Until the sale of the house, the trustees shall allow the Occupier to reside in the House

However, as well as the usual ‘ending’ terms, there is also this determination clause:

The Trustes shall not sell the house with the consent of the Occuppier but if the Occupier has not complied with the conditions set out above or has failed for a continuous period of six months to occupy the House, then such consent shall be deemed to have been given and the right of the Occupier to occupy the house may be determined

There is an argument of when the 6 months could start. Is it from the date of death (which could seem harsh as it could take longer to obtain the Grant to transfer into the names of the trustees) or from the end of the admin period.

Any thoughts welcome, please…

Thanks

Kam

I suggest that it would be any continuous period of 6 months since the date of death, whether immediately following the death or at some later time.

As with executors, trustees take their powers from the will, which is effective immediately on the death of the testator.

There may, of course, be an argument if the intended beneficiary is not informed of their rights under the will until after the period of 6 months has expired without them taking up occupancy.

Paul Saunders FCIB TEP

Independent Trust Consultant

Providing support and advice to fellow professionals

In the context of a Will there subsists a broad hinterland of the standard of appropriate behaviour to be expected from a trustee whose role is a creation of the Court’s historic equitable jurisdiction.

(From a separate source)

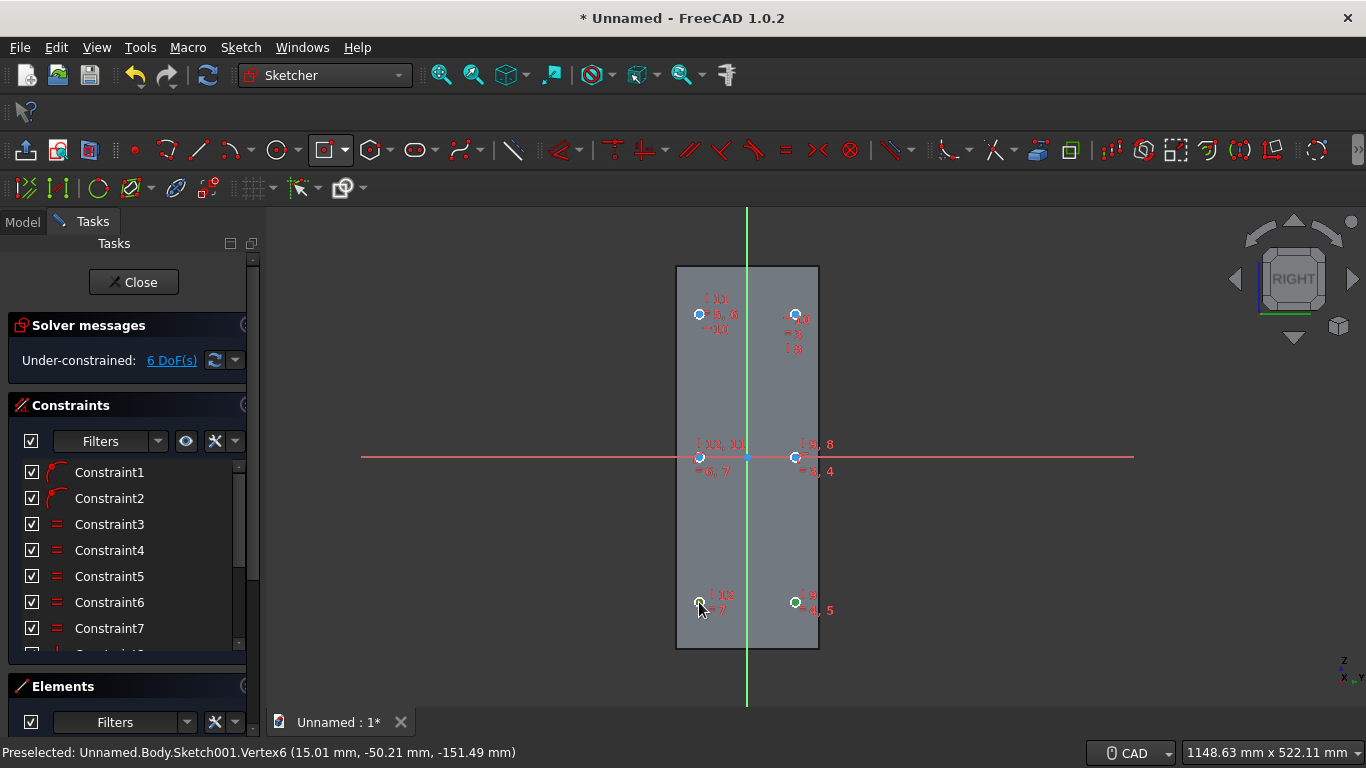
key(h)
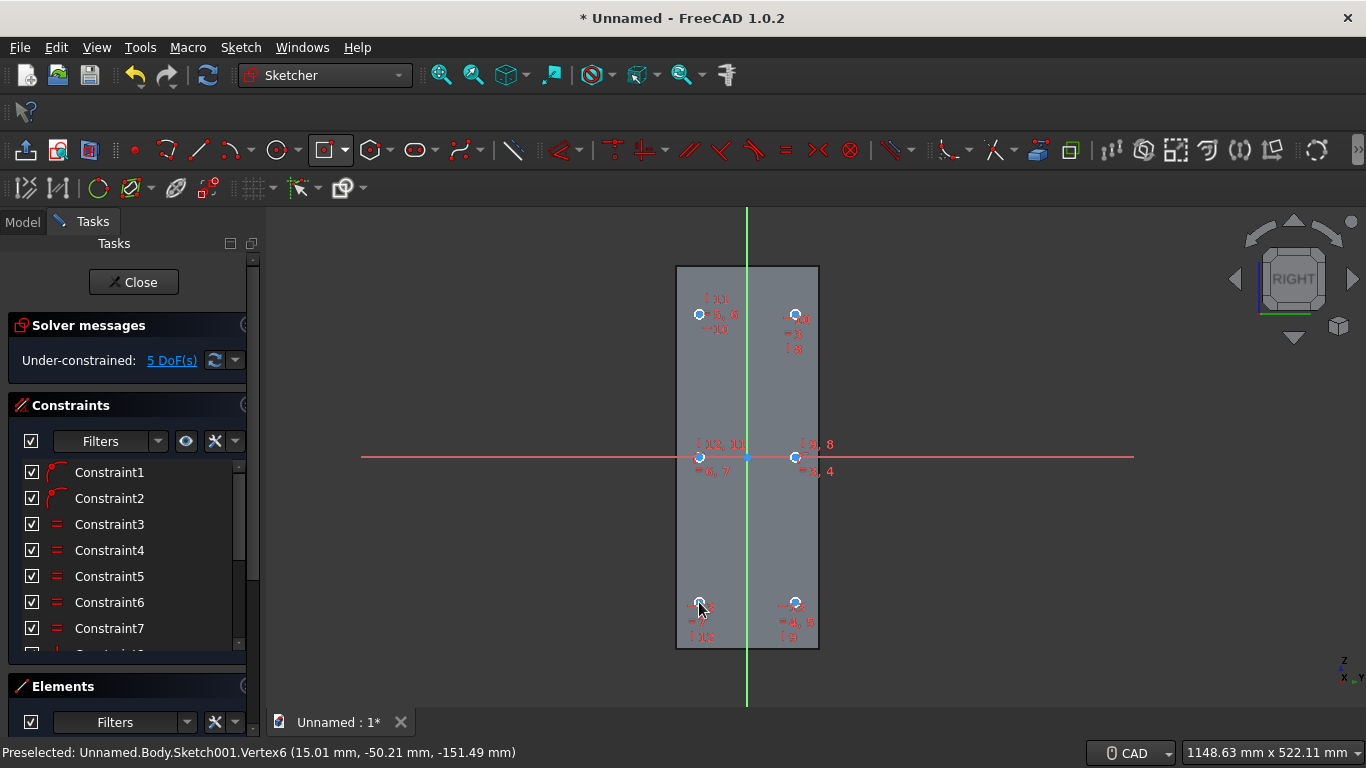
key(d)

A trustee administers property that does not belong to him on behalf of the beneficiaries; although he also owes a duty to the settlor to stick to the terms of the trust and the general law of trusts he has a duty to act towards beneficiaries in a way the Court will regard as entirely conscionable. Like Caesar’s wife he should be above suspicion; it is not like a robust contractual relationship which within the strict confines of the terms of the contract allows one or both of the parties if they wish to behave, well, like Mr
Trump.

The facts of any given case are crucial but the trustee should operate in a way that he will be able to justify to a Chancery judge without censure or embarrassment or, of course, the dreaded personal liability with costs out of his own pocket.

I suggest that a notice be given to the beneficiary that the trustee has reached the conclusion that the property became available to him as of a specified date, that he ceased to occupy it no later than a second specified date, or has never done so if relevant, with the consequence that the 6 month non-occupation period will end on a third specified date whereupon his right to occupy will terminate unless before then he….etc etc.

It would not be fair to specify a past commencement date even though a judge might ultimately agree that the 6 month period strictly began earlier. Provided a judge would likely decide objectively that it began not later than the date of the notice, it would surely be beyond criticism to state in it that the right to occupy will end on a specified date 6 months ahead unless before then occupation resumes (or, as it might be, begins).

There may be factual circumstances justifying the stipulation of a past date e.g. the trustee has been informed by the beneficiary that he has ceased to occupy or has.gone into a care home permanently.

Similarly with an apparent breach of a condition a notice should assert the fact and nature of the breach, require a remedy, specify what must be done and in what timescale, and the consequences for default.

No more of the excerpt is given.